I am an artist who works with both sculpture and print and for the last 14 years I have used the computer as a tool in my printmaking to develop new images. One of the key questions that I have asked myself is how does the computer affect my relationship to the physical quality of my artworks and how can it be used as an expressive tool to explore the fundamental ideas behind my work. ; ideas of loss, journeys and how we relate and place meaning onto familiar objects. The reason I am in Seoul is to stage an exhibition of my prints at Andante Gallery and I do hope you will have time to see the exhibition. This is the second time I have shown in Seoul, the first time being in 2004 in a group show with EWHA Womans University, Beyond the digital surface.

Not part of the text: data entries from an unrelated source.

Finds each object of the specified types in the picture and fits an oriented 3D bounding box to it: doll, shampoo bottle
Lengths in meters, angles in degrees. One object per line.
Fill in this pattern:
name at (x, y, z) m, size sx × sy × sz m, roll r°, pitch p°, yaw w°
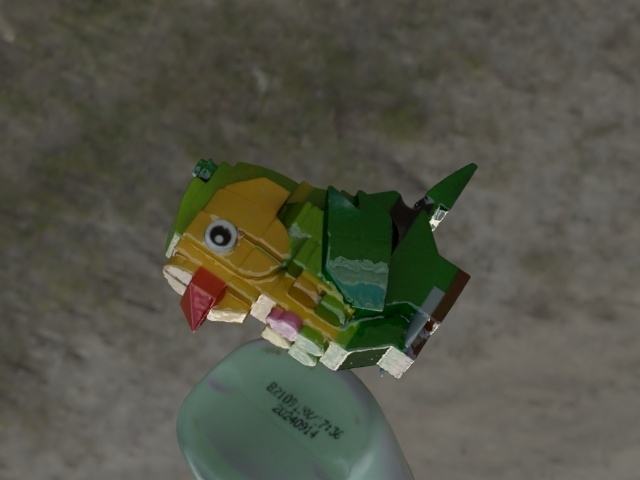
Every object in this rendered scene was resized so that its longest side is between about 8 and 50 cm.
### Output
doll at (-0.001, 0.008, 1.109) m, size 0.186 × 0.134 × 0.106 m, roll 8°, pitch 159°, yaw -11°
shampoo bottle at (0.007, 0.235, 1.570) m, size 0.222 × 0.151 × 0.349 m, roll 33°, pitch 162°, yaw 32°

I want to begin with some early works, before I used the computer. I want to show these because I hope it will enable you to see how the themes in my work are constant, irrespective of the computer. The computer is one of many tools that I use in making images but it s my imagination that is behind the images. These early works try to weave elements together as if piecing together the fragments of a life. Our lives are composed of many different things, different responsibilities, and different anxieties, and I try to suggest the way these are held together in our lives. Suitcases, chairs, frames are common elements in my work, both in the sculptures and prints. These objects can be seen to represent concepts, so for example the suitcase might suggest travel or migration, while the picture frame might suggest family photographs or ones ancestors. I want them to begin to suggest a person or a life by the things that surround them.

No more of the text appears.